> _What is required_:
If a line in the records contains the string "list", show that line.

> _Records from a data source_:

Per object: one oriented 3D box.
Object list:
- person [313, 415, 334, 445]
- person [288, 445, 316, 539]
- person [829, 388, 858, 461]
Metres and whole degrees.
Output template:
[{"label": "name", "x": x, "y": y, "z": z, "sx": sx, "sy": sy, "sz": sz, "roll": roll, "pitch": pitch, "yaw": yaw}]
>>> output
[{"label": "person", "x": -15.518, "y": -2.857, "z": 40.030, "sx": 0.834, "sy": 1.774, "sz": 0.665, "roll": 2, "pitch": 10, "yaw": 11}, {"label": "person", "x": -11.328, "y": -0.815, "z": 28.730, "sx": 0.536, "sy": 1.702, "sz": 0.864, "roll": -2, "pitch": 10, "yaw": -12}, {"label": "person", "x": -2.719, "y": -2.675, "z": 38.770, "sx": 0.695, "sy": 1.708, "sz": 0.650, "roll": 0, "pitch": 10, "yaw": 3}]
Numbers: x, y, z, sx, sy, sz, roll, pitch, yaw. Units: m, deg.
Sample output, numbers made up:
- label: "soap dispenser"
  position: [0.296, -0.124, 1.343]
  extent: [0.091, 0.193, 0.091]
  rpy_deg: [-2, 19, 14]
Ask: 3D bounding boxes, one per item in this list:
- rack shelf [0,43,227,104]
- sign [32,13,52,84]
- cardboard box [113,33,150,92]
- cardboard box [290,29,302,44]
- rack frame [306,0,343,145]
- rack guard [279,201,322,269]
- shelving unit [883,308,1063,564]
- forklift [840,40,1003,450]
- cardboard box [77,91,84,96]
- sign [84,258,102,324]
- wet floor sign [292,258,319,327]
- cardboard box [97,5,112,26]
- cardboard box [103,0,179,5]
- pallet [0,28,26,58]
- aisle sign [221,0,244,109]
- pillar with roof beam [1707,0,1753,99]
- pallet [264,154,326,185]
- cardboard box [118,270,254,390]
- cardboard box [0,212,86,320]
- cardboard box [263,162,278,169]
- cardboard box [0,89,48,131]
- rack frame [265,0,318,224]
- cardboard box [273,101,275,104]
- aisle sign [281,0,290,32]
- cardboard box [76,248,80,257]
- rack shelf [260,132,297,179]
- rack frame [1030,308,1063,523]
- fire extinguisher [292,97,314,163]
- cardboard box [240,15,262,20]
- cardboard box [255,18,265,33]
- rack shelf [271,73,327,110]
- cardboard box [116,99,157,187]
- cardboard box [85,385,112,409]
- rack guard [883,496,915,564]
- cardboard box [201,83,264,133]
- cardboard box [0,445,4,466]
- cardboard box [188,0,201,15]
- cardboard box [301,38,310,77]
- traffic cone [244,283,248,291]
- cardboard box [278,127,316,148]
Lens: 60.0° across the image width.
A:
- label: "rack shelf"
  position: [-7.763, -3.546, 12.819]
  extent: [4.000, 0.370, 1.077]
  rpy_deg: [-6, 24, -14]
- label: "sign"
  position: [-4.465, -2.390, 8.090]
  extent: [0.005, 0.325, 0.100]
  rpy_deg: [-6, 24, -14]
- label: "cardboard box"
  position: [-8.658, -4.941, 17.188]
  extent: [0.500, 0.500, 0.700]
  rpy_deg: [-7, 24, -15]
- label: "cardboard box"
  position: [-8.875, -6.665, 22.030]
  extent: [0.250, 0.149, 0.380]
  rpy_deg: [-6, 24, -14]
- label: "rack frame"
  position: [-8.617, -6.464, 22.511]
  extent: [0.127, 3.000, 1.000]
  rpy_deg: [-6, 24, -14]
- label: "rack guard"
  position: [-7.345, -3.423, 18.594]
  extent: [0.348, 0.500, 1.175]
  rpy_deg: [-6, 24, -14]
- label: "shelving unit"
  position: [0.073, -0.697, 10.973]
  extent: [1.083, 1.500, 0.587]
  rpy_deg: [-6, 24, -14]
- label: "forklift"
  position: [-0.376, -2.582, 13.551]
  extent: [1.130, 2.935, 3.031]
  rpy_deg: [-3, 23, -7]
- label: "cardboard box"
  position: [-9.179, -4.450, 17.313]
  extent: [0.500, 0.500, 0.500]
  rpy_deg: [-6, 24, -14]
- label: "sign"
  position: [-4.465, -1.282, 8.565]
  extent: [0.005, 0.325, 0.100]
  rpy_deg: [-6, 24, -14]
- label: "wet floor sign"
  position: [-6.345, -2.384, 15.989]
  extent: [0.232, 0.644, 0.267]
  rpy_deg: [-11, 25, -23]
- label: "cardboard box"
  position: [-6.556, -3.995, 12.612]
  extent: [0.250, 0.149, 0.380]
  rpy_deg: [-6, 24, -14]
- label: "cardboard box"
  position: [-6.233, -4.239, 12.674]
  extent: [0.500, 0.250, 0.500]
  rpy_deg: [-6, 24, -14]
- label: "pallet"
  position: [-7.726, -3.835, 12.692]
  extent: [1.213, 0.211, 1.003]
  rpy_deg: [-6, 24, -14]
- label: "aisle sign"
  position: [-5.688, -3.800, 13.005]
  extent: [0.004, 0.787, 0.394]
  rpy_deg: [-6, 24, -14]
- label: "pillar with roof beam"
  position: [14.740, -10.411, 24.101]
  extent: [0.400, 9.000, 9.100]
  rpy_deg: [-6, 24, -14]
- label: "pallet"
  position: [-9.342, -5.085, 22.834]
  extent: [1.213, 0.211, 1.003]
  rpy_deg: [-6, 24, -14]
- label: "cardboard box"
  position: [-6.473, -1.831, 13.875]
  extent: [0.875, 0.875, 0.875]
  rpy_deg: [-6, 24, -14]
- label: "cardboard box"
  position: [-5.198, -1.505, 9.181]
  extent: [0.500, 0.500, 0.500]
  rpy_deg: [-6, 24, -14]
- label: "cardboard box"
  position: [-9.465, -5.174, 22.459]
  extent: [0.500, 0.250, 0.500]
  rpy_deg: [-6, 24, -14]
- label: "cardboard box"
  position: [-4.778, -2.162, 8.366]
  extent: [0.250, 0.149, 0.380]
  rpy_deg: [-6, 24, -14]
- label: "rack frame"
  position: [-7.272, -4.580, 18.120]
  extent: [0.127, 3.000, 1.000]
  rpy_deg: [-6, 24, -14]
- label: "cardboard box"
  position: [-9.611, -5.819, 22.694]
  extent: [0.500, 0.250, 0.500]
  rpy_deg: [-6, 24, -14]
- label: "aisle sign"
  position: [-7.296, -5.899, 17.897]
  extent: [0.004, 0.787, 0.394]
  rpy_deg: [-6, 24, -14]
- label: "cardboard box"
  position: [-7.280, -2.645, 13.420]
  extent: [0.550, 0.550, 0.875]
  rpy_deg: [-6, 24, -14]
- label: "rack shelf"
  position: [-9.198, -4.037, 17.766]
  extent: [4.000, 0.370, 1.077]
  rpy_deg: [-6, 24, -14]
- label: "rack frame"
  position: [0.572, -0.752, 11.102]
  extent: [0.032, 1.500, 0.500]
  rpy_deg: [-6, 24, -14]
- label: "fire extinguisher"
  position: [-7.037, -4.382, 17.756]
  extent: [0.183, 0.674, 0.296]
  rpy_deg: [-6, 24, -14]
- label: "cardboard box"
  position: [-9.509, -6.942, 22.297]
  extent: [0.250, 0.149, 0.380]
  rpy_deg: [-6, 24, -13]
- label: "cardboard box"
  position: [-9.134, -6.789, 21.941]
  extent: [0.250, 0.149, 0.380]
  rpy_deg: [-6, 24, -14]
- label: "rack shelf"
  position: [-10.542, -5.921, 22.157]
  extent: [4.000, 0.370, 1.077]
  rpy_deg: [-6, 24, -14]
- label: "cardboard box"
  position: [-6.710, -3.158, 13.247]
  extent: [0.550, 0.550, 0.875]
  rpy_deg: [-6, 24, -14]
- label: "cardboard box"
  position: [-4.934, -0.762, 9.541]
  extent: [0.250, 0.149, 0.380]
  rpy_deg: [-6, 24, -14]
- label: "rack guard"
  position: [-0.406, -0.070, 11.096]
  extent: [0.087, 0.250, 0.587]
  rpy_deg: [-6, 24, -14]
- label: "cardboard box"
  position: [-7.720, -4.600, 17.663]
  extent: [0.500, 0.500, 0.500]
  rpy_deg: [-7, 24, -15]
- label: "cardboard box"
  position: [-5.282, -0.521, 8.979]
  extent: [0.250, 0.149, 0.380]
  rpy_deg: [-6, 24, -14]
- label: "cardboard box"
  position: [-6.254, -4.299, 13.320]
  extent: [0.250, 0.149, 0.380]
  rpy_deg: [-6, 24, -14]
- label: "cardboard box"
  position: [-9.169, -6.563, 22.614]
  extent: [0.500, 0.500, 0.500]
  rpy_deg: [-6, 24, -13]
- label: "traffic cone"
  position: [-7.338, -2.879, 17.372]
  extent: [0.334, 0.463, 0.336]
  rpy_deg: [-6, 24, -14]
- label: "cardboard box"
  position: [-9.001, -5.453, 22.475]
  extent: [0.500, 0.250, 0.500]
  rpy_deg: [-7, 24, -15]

> _Response to this task_:
Object list:
Ask: 3D bounding boxes, one per item in this list:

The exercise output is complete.